:: Aim of the task ::
What lines of the data hold the string "decimal"? Copy them all.

(Supplied data Opens)

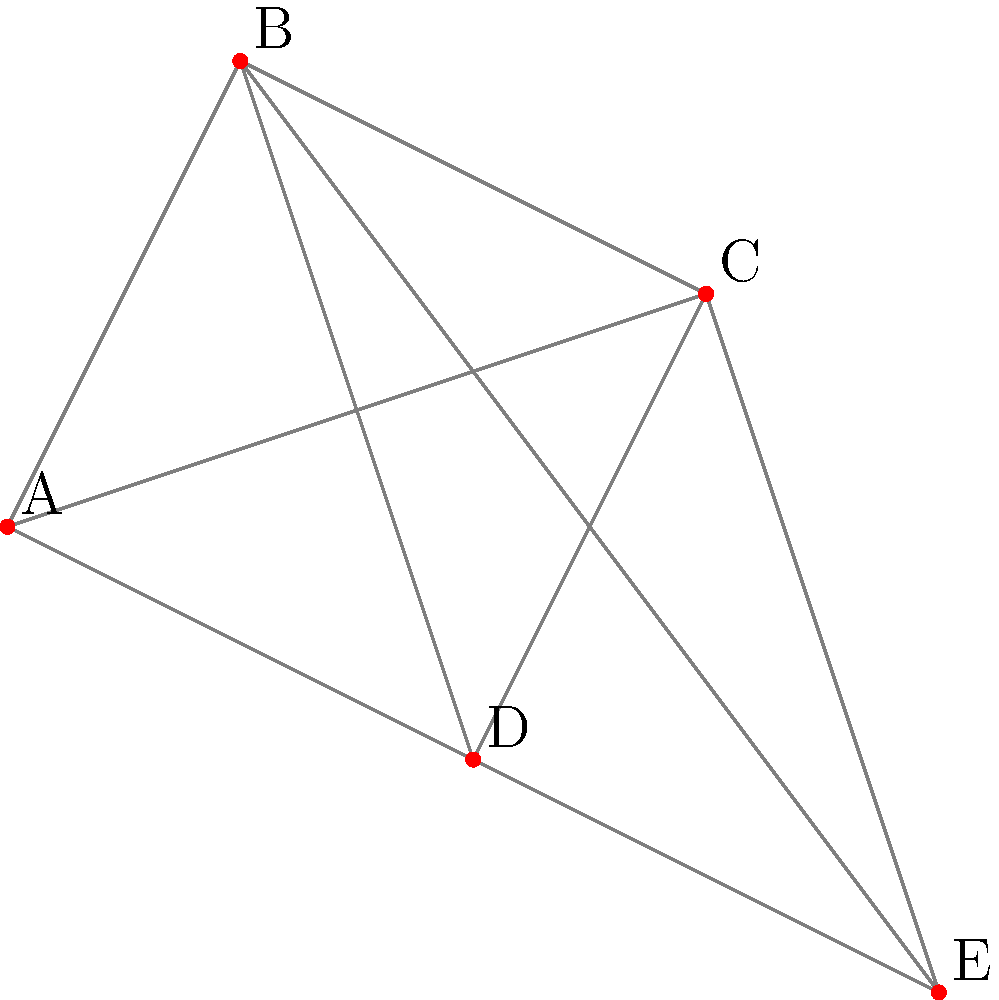As the organizer of a classic car rally, you need to plan the most efficient route through five cities (A, B, C, D, and E) represented in the graph above. Each line represents a road connecting two cities. What is the minimum number of roads that must be traveled to visit all five cities exactly once and return to the starting point? To solve this problem, we need to apply the concept of a Hamiltonian cycle in graph theory. A Hamiltonian cycle is a path in an undirected graph that visits each vertex exactly once and returns to the starting vertex.

Step 1: Observe that the graph is complete, meaning every city is directly connected to every other city.

Step 2: In a complete graph with $n$ vertices, a Hamiltonian cycle always exists and uses exactly $n$ edges.

Step 3: Count the number of cities (vertices) in the graph:
A, B, C, D, and E - there are 5 cities in total.

Step 4: Since we have a complete graph with 5 vertices, the Hamiltonian cycle will consist of 5 edges.

Step 5: Verify that this solution satisfies the conditions:
- Each city is visited exactly once
- The path returns to the starting point
- The number of roads (edges) used is minimal

Therefore, the minimum number of roads that must be traveled to visit all five cities exactly once and return to the starting point is 5.
Answer: 5 roads 
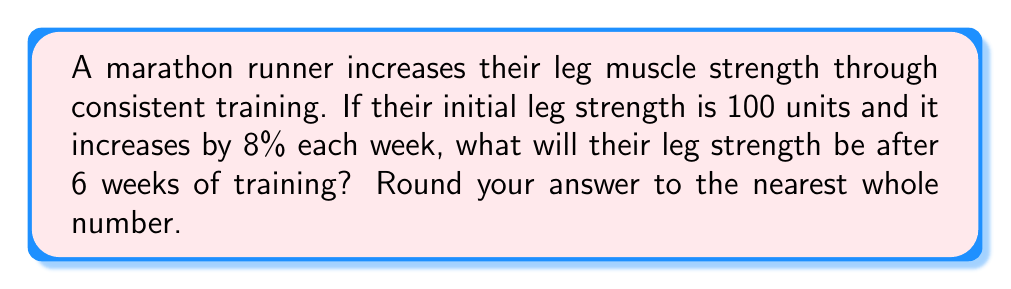Solve this math problem. Let's approach this step-by-step:

1) The initial strength is 100 units.
2) The weekly increase is 8% or 0.08 in decimal form.
3) We need to calculate this for 6 weeks.

This scenario represents exponential growth, which can be modeled by the equation:

$$ A = P(1 + r)^t $$

Where:
$A$ = final amount
$P$ = initial amount (principal)
$r$ = growth rate (as a decimal)
$t$ = time period

Plugging in our values:

$$ A = 100(1 + 0.08)^6 $$

Now, let's calculate:

$$ A = 100(1.08)^6 $$
$$ A = 100(1.5869) $$
$$ A = 158.69 $$

Rounding to the nearest whole number:

$$ A ≈ 159 $$
Answer: 159 units 
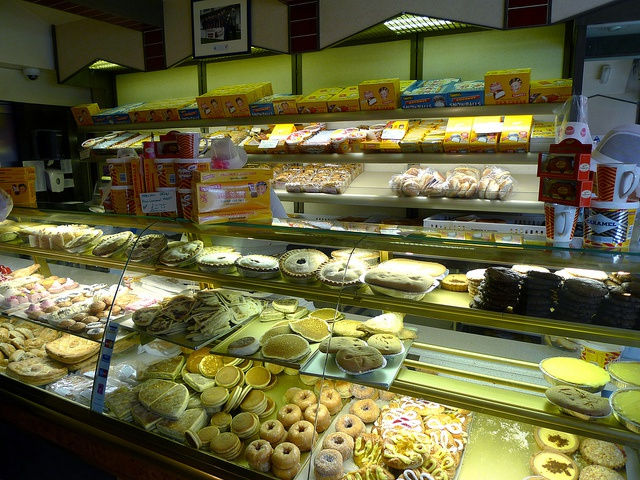Describe the objects in this image and their specific colors. I can see cake in black, beige, khaki, and olive tones, cup in black, maroon, and gray tones, cake in black, yellow, khaki, and olive tones, people in black, gray, and maroon tones, and cake in black, khaki, olive, and tan tones in this image. 
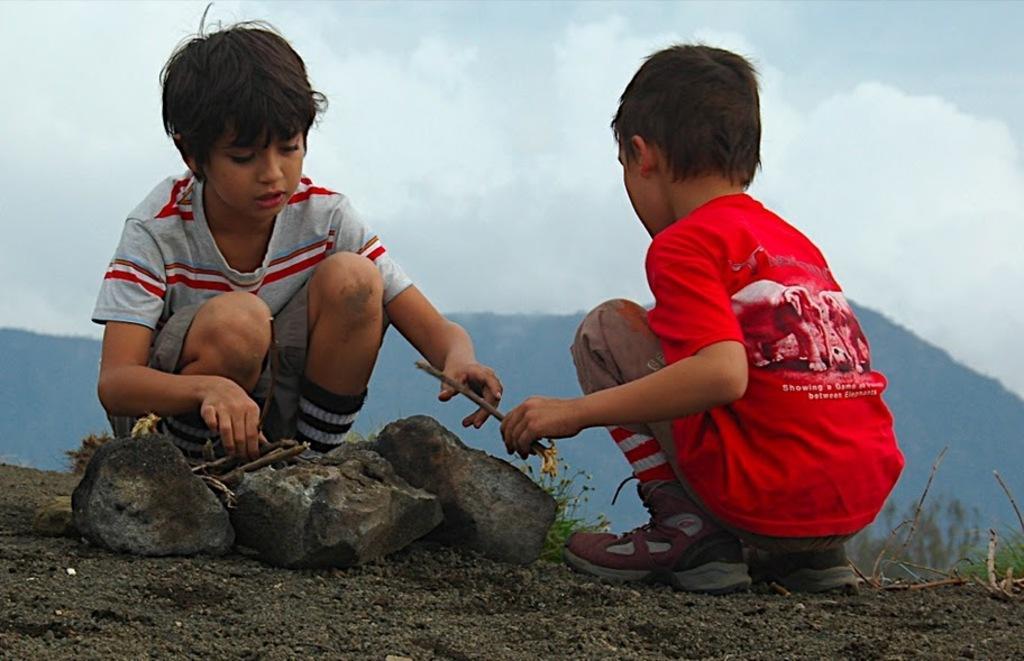Can you describe this image briefly? In this image we can see two boys sitting and holding twigs. At the bottom there are rocks. In the background there are hills and sky. 
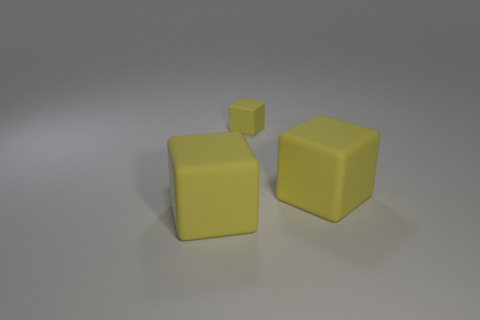What is the color of the tiny matte thing?
Ensure brevity in your answer.  Yellow. Are there any other things that have the same material as the small yellow cube?
Ensure brevity in your answer.  Yes. There is a large object that is behind the rubber thing on the left side of the small thing; what is its shape?
Your response must be concise. Cube. What number of other things are there of the same shape as the small yellow object?
Your answer should be compact. 2. Are there more yellow objects that are left of the small yellow thing than yellow things?
Your response must be concise. No. How many large things are right of the big rubber thing that is on the left side of the tiny rubber object?
Make the answer very short. 1. Are there fewer small matte cubes that are on the left side of the small cube than small blocks?
Provide a short and direct response. Yes. Are there any large yellow rubber things on the left side of the block that is behind the block on the right side of the tiny rubber object?
Your response must be concise. Yes. Is the tiny block made of the same material as the block that is left of the tiny matte block?
Make the answer very short. Yes. What color is the big rubber cube in front of the large cube that is right of the small rubber cube?
Offer a terse response. Yellow. 
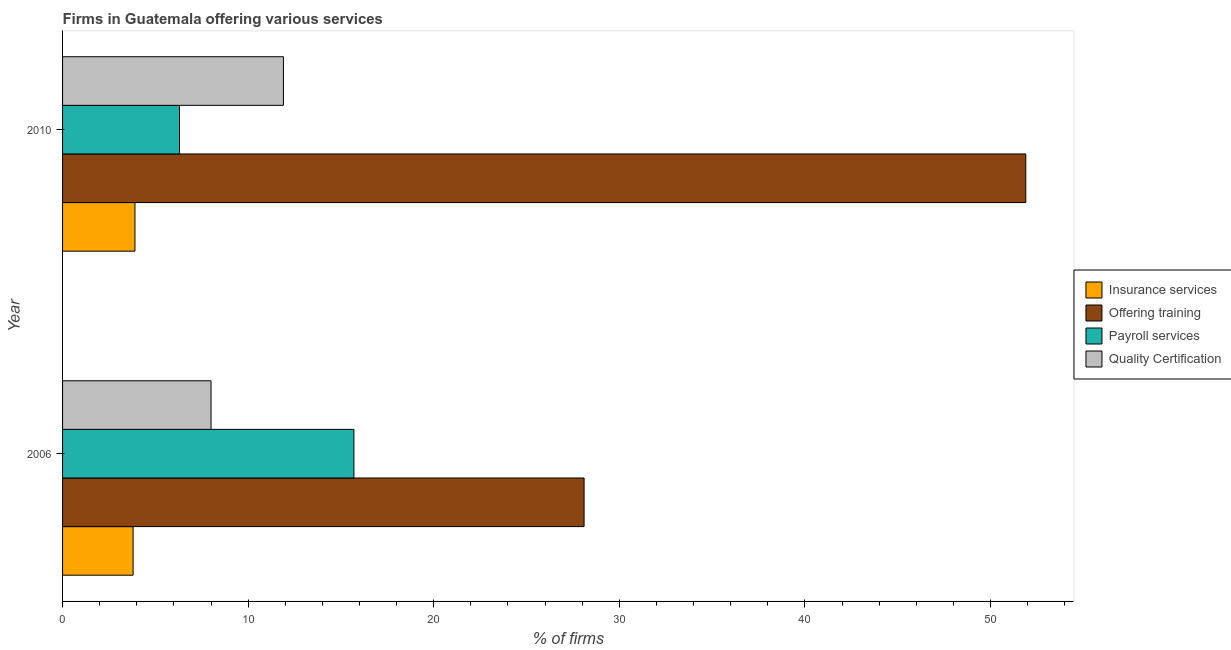How many groups of bars are there?
Give a very brief answer. 2. How many bars are there on the 2nd tick from the bottom?
Offer a very short reply. 4. What is the percentage of firms offering insurance services in 2006?
Offer a terse response. 3.8. Across all years, what is the minimum percentage of firms offering training?
Keep it short and to the point. 28.1. What is the difference between the percentage of firms offering training in 2006 and that in 2010?
Ensure brevity in your answer.  -23.8. What is the average percentage of firms offering quality certification per year?
Keep it short and to the point. 9.95. In how many years, is the percentage of firms offering training greater than 20 %?
Offer a very short reply. 2. What is the ratio of the percentage of firms offering insurance services in 2006 to that in 2010?
Provide a short and direct response. 0.97. Is the difference between the percentage of firms offering training in 2006 and 2010 greater than the difference between the percentage of firms offering insurance services in 2006 and 2010?
Your answer should be compact. No. In how many years, is the percentage of firms offering training greater than the average percentage of firms offering training taken over all years?
Provide a short and direct response. 1. What does the 3rd bar from the top in 2006 represents?
Keep it short and to the point. Offering training. What does the 2nd bar from the bottom in 2006 represents?
Your answer should be very brief. Offering training. How many bars are there?
Give a very brief answer. 8. What is the difference between two consecutive major ticks on the X-axis?
Offer a very short reply. 10. Does the graph contain any zero values?
Offer a very short reply. No. Where does the legend appear in the graph?
Make the answer very short. Center right. How many legend labels are there?
Keep it short and to the point. 4. What is the title of the graph?
Keep it short and to the point. Firms in Guatemala offering various services . Does "Switzerland" appear as one of the legend labels in the graph?
Give a very brief answer. No. What is the label or title of the X-axis?
Provide a short and direct response. % of firms. What is the label or title of the Y-axis?
Your response must be concise. Year. What is the % of firms of Insurance services in 2006?
Give a very brief answer. 3.8. What is the % of firms of Offering training in 2006?
Your response must be concise. 28.1. What is the % of firms in Payroll services in 2006?
Offer a terse response. 15.7. What is the % of firms of Offering training in 2010?
Make the answer very short. 51.9. Across all years, what is the maximum % of firms in Insurance services?
Provide a succinct answer. 3.9. Across all years, what is the maximum % of firms of Offering training?
Your answer should be compact. 51.9. Across all years, what is the maximum % of firms of Payroll services?
Your answer should be very brief. 15.7. Across all years, what is the minimum % of firms of Offering training?
Ensure brevity in your answer.  28.1. What is the total % of firms in Insurance services in the graph?
Offer a terse response. 7.7. What is the total % of firms of Offering training in the graph?
Ensure brevity in your answer.  80. What is the total % of firms in Quality Certification in the graph?
Offer a very short reply. 19.9. What is the difference between the % of firms of Offering training in 2006 and that in 2010?
Offer a terse response. -23.8. What is the difference between the % of firms of Quality Certification in 2006 and that in 2010?
Keep it short and to the point. -3.9. What is the difference between the % of firms in Insurance services in 2006 and the % of firms in Offering training in 2010?
Keep it short and to the point. -48.1. What is the difference between the % of firms in Insurance services in 2006 and the % of firms in Payroll services in 2010?
Your answer should be very brief. -2.5. What is the difference between the % of firms of Insurance services in 2006 and the % of firms of Quality Certification in 2010?
Provide a succinct answer. -8.1. What is the difference between the % of firms of Offering training in 2006 and the % of firms of Payroll services in 2010?
Offer a very short reply. 21.8. What is the difference between the % of firms of Payroll services in 2006 and the % of firms of Quality Certification in 2010?
Offer a terse response. 3.8. What is the average % of firms of Insurance services per year?
Ensure brevity in your answer.  3.85. What is the average % of firms in Offering training per year?
Your answer should be compact. 40. What is the average % of firms of Payroll services per year?
Provide a short and direct response. 11. What is the average % of firms in Quality Certification per year?
Ensure brevity in your answer.  9.95. In the year 2006, what is the difference between the % of firms of Insurance services and % of firms of Offering training?
Keep it short and to the point. -24.3. In the year 2006, what is the difference between the % of firms in Offering training and % of firms in Payroll services?
Give a very brief answer. 12.4. In the year 2006, what is the difference between the % of firms of Offering training and % of firms of Quality Certification?
Your response must be concise. 20.1. In the year 2006, what is the difference between the % of firms in Payroll services and % of firms in Quality Certification?
Make the answer very short. 7.7. In the year 2010, what is the difference between the % of firms in Insurance services and % of firms in Offering training?
Make the answer very short. -48. In the year 2010, what is the difference between the % of firms in Insurance services and % of firms in Payroll services?
Give a very brief answer. -2.4. In the year 2010, what is the difference between the % of firms in Offering training and % of firms in Payroll services?
Your answer should be compact. 45.6. In the year 2010, what is the difference between the % of firms in Offering training and % of firms in Quality Certification?
Your answer should be very brief. 40. What is the ratio of the % of firms of Insurance services in 2006 to that in 2010?
Offer a terse response. 0.97. What is the ratio of the % of firms of Offering training in 2006 to that in 2010?
Provide a succinct answer. 0.54. What is the ratio of the % of firms in Payroll services in 2006 to that in 2010?
Your answer should be very brief. 2.49. What is the ratio of the % of firms in Quality Certification in 2006 to that in 2010?
Make the answer very short. 0.67. What is the difference between the highest and the second highest % of firms of Insurance services?
Your response must be concise. 0.1. What is the difference between the highest and the second highest % of firms in Offering training?
Keep it short and to the point. 23.8. What is the difference between the highest and the second highest % of firms in Payroll services?
Offer a very short reply. 9.4. What is the difference between the highest and the lowest % of firms in Offering training?
Your response must be concise. 23.8. What is the difference between the highest and the lowest % of firms in Payroll services?
Make the answer very short. 9.4. What is the difference between the highest and the lowest % of firms of Quality Certification?
Give a very brief answer. 3.9. 
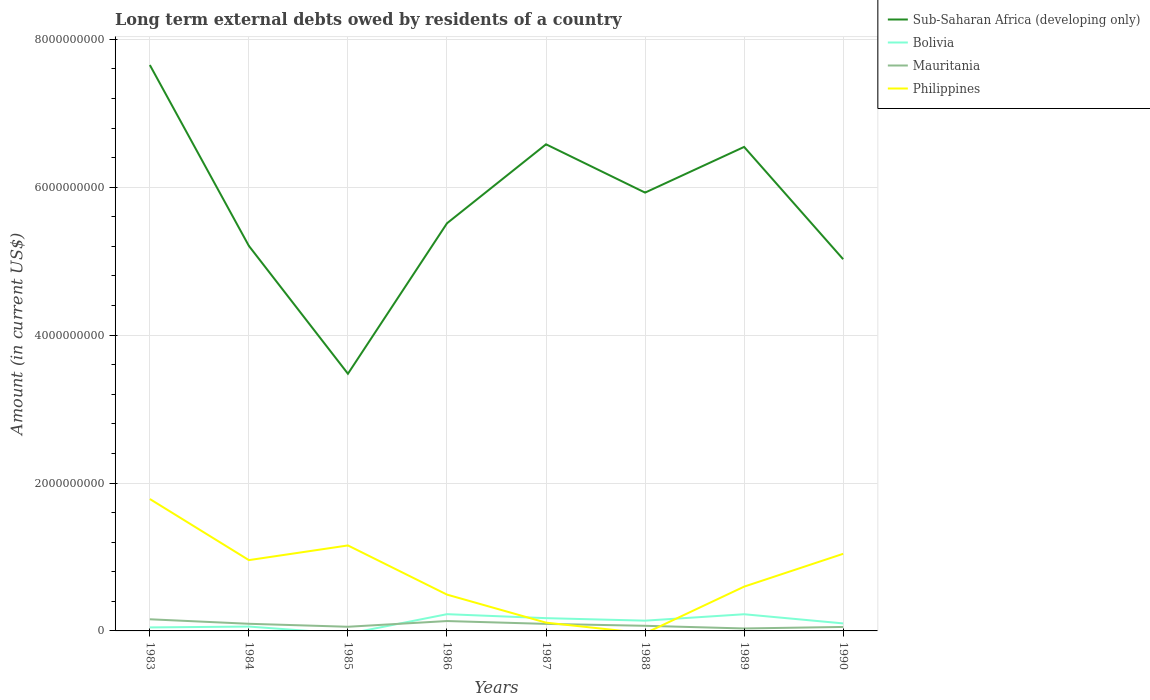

(Supplied data Closes)

:: Exercise result ::
2) The weekly increase is 8% or 0.08 in decimal form.
$r$ = growth rate (as a decimal)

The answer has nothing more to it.